The two-story, Queen Anne-style home has a Wisconsin white cedar-log exterior and features California redwood shingles on the upper story. The front facade features a single-story wraparound porch with log pillars across the front and east side. The fourteen-room home includes a wood-framed interior with red oak panels in the entrance hall, dining room, and library. The first floor also contains a kitchen, two bedrooms, a music room, a small conservatory, and a full bathroom (which Stratton-Porter also used as a photographic darkroom). The second floor included four large rooms. The home also featured seven fireplaces, large windows, and white oak floors. A cedar-log barn/carriage house was erected behind the home. The property also included a yard filled with fruit trees, vines, and bushes, as well as a large flower garden.

==Significance==
The Limberlost Cabin, in addition to serving as the Porters' residence, was Stratton-Porter's base for her field research, natural history collecting, writing projects, and photographic work. While residing in Geneva, Stratton-Porter spent much of her time exploring, observing nature, sketching, and making photographs at the Limberlost Swamp. The cabin is also where she began writing her literary career at the age of thirty-six. Stratton-Porter used her fictional writings to educate readers about birding and nature while interlacing the stories with romance and moral lessons. Her popularity was so high during World War I that "reprints of the novel were said to have littered the trenches."
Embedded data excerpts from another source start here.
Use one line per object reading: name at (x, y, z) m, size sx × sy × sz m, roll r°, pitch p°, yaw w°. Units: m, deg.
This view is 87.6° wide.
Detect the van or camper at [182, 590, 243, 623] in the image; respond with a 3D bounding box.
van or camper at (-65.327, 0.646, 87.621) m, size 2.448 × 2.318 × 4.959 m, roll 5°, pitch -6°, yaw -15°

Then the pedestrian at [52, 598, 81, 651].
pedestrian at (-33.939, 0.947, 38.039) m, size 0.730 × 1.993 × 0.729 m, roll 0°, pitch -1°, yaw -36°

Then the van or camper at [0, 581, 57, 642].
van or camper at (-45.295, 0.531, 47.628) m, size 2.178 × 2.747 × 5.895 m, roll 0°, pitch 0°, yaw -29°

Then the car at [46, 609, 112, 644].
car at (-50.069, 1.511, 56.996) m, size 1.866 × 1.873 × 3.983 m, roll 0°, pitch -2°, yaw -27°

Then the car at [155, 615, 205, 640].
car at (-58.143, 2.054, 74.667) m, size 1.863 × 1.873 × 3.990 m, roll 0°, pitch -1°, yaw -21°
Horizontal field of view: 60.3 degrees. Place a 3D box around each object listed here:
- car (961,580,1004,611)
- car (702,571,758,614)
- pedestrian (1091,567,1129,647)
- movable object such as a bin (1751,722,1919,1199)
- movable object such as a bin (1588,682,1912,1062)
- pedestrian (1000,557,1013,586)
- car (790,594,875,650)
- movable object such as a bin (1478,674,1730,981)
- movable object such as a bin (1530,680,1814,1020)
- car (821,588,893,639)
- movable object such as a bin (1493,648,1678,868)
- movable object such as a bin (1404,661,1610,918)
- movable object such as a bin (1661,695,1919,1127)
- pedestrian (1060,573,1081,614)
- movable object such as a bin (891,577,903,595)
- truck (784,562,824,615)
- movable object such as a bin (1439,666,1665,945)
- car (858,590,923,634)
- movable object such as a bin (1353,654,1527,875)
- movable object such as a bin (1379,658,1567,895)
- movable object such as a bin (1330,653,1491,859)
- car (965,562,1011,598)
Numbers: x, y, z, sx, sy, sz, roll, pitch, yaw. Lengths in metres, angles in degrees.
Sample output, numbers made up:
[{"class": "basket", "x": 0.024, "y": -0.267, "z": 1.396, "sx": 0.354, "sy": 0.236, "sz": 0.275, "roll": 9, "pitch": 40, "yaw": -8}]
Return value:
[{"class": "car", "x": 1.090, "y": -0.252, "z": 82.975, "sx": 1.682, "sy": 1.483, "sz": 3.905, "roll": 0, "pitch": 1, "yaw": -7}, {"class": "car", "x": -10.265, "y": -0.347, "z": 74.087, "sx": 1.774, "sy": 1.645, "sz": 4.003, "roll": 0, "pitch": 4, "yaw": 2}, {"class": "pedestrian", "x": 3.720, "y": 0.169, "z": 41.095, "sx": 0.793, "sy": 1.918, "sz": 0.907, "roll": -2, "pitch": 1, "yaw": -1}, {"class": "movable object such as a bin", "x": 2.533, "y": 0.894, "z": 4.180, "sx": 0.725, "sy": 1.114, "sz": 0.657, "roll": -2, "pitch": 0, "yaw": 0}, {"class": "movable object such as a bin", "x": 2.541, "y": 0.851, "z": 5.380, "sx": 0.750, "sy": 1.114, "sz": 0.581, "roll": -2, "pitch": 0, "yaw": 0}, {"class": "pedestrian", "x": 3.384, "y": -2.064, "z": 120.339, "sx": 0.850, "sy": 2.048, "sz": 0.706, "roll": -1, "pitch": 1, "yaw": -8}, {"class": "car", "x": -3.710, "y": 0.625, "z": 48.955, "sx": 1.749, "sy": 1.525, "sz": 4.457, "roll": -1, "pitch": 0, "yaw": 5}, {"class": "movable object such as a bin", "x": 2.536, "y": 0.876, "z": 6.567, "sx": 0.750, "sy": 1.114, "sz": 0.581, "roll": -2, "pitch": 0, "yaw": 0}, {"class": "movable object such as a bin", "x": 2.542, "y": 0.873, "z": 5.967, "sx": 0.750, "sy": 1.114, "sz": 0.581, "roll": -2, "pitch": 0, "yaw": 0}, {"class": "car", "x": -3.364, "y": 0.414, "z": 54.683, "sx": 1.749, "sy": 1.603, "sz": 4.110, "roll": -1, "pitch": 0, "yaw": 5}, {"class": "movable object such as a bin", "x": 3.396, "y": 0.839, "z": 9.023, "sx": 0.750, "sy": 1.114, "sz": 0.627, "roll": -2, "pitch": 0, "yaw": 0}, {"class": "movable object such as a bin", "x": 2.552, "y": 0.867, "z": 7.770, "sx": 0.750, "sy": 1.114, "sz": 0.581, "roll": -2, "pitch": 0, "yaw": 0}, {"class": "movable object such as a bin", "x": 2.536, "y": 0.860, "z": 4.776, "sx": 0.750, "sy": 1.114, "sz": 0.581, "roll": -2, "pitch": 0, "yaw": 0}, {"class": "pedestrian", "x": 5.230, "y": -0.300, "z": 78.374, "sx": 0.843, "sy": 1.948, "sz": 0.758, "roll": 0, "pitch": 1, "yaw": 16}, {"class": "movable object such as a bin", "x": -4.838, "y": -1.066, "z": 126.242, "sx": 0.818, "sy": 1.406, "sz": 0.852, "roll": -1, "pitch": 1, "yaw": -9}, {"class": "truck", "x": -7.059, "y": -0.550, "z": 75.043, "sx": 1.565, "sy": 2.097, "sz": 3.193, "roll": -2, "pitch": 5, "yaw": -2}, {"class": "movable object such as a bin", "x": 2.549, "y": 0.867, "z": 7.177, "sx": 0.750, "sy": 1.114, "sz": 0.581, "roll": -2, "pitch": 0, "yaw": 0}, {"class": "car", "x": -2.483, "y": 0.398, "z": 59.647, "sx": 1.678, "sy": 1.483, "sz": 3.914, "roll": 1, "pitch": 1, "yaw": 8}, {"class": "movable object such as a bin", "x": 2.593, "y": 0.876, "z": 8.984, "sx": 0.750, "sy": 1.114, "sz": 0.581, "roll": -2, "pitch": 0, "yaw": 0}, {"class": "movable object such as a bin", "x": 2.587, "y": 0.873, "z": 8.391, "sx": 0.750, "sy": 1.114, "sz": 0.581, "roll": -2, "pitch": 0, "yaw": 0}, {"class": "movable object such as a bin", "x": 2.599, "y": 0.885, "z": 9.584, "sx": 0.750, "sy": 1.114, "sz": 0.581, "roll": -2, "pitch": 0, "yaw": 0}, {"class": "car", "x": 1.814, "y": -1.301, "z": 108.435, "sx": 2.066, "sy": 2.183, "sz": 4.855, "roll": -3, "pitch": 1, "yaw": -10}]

Stratton-Porter's first published article appeared in Recreation magazine in 1900 when she was living at Limberlost Cabin. She also wrote her first novel, The Song of the Cardinal (1903), while living there. Stratton-Porter used the nearby swamp for research for her natural history book, Moths of the Limberlost (1912), as well. In addition, the area was the setting for three of her popular novels: Freckles (1904), A Girl of the Limberlost (1909) and Laddie (1913). While a resident of Geneva, Stratton-Porter became known as "The Bird Lady" and "The Lady of the Limberlost" to her friends and readers.